Ubi ius, ubi remedium: Proposed amendments to the Tax Administration Act

Author: Louis Botha (Associate at Cliffe Dekker Hofmeyr).

Currently, in terms of section 9 of the Tax Administration Act, No 28 of 2011 (TAA) a decision made by a South African Revenue Services (SARS) official and a notice to a specific person issued by SARS, excluding a decision given effect to in an assessment or notice of assessment is regarded as made by a SARS official, authorised to do so or duly issued by SARS, until proven to the contrary. Furthermore, s9 makes provision for such a decision to be withdrawn or amended by the SARS official, a SARS official to whom the SARS official reports or a senior SARS official, at the request of the relevant person.

 

Section 104 of the TAA

Section 104(2) of the TAA states that the following decisions may be objected and appealed against in the same manner as an assessment:

  • A decision in terms of s104(4) of the TAA not to extend the period for lodging an objection;
  • A decision under s107(2) of the TAA not to extend the period for lodging an appeal; and
  • Any other appeal that may be objected or appealed against under a tax Act.

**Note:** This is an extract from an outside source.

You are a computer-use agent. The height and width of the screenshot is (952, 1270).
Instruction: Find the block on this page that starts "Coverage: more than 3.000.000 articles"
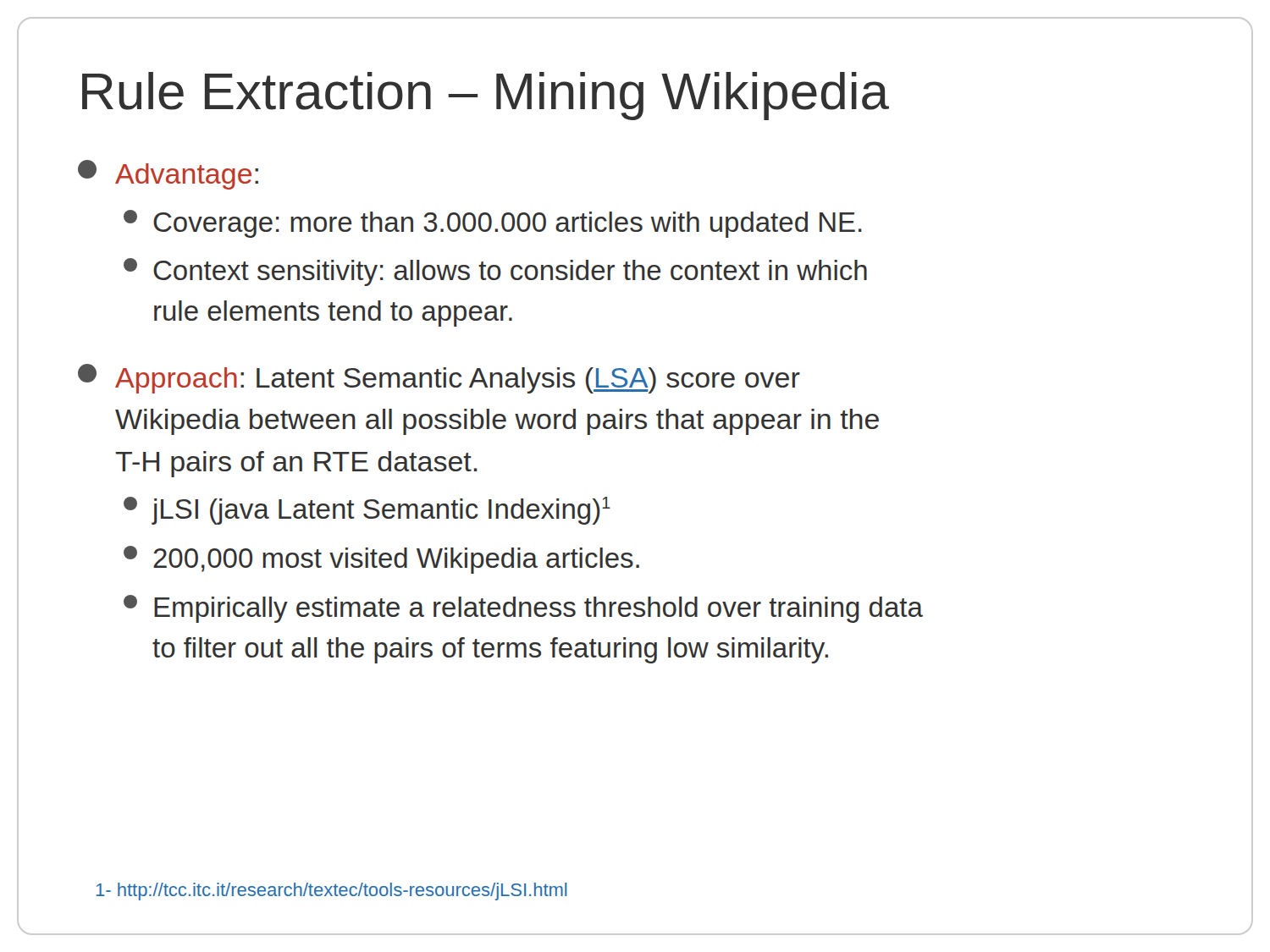tap(494, 222)
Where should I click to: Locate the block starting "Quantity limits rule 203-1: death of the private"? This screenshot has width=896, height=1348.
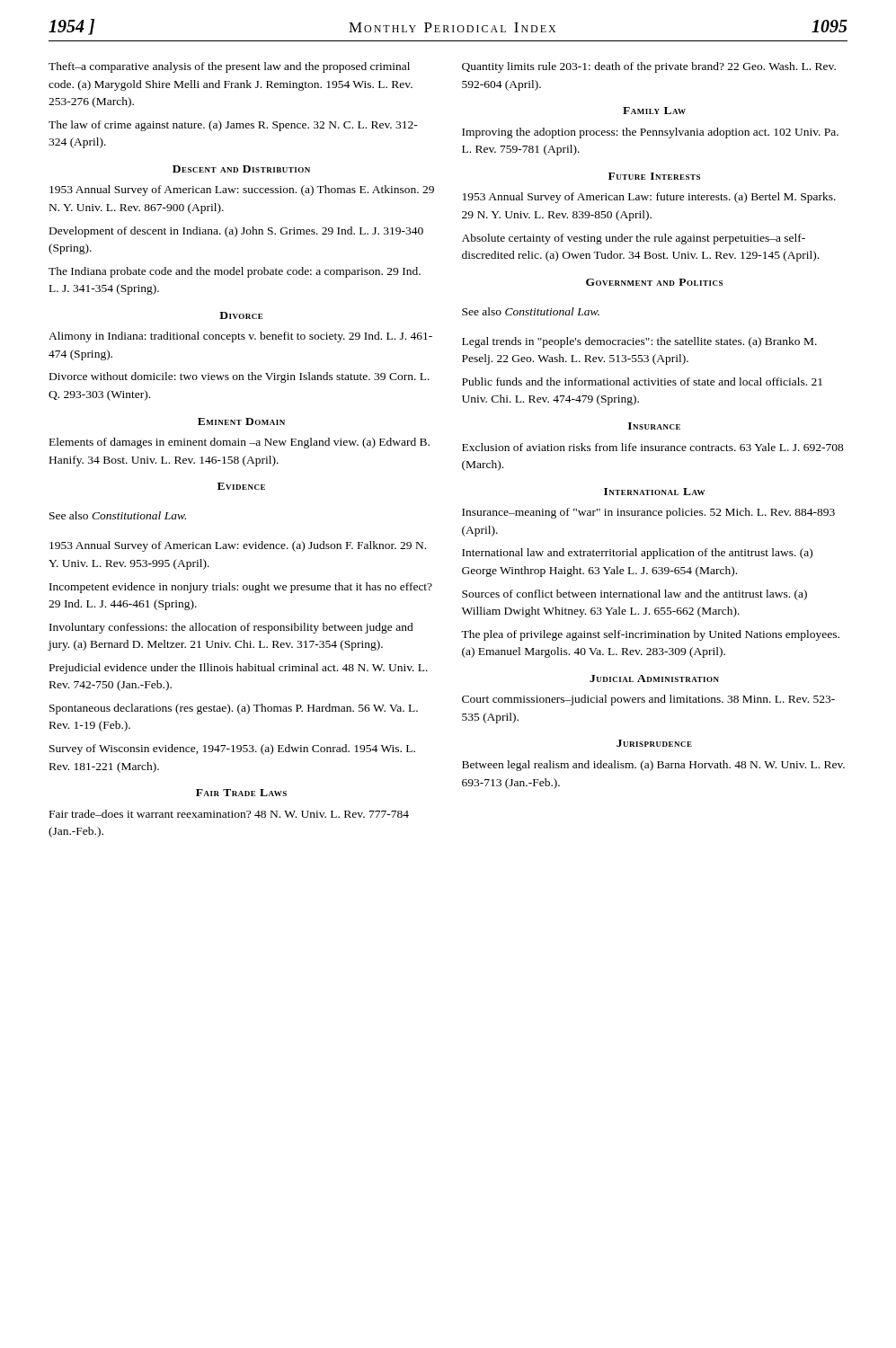coord(654,75)

From the above, it appears that whereas s104 of the TAA defines the decisions against which a taxpayer may object and appeal, s9 deals with the scenario where a decision is made by a SARS official, but which is not subject to objection and appeal.

Proposed amendment

In the Memorandum on the Objects of the Draft Tax Administration Laws Amendment Bill, 2017 (Memorandum), it was noted with regard to decisions that are not subject to objection and appeal, that a taxpayer can potentially be prejudiced by not having access to other effective internal remedies that may provide relief. The Memorandum notes that under such circumstances, the taxpayers only remedy would then be to take the matter on review before the High Court in terms of the Promotion of Administrative Justice Act, No 2 of 2000 (PAJA). As we know, High Court litigation of this nature can be an expensive exercise.

The Memorandum states that decisions by SARS are generally subject to the internal remedy in s9 of the TAA, in terms of which specified SARS officials may reconsider the decisions. Decisions that are given effect to in an assessment or notice of assessment are however excluded since assessments generally have the separate remedy of objection and appeal. During the public comment process on the 2016 legislation, Government identified a situation where a decision given effect to in a notice of assessment is not subject to objection and appeal. Under such circumstances and based on the current wording of s9 and s104 of the TAA, it would mean that neither the internal remedy in s9, nor the right to objection and appeal in s104, will be available to a taxpayer under certain circumstances.

Although it is not entirely clear when a decision will be given effect to in an assessment or notice of assessment, as envisaged in s9, one such example might be where a taxpayer applies for the suspension of payment of tax in terms of s164 of the TAA. SARSs decision to reject an application brought in terms of s164 will most likely not be given effect to in an assessment or notice of assessment.

In light of the above, it is proposed in the Memorandum that such a decision, which is given effect to in a notice of assessment, but is not subject to objection and appeal, be subject to the remedy under s9 of the TAA. This will afford the taxpayer an internal remedy before exercising the external remedy of a review application to the High Court under PAJA.

Comment

While it always appears to be a positive development where legislation is amended to make it easier and cheaper for a taxpayer to exercise its rights, such an amendment will only have the desired effect if the SARS officials who are approached in terms of this section, exercise their powers in a reasonable manner.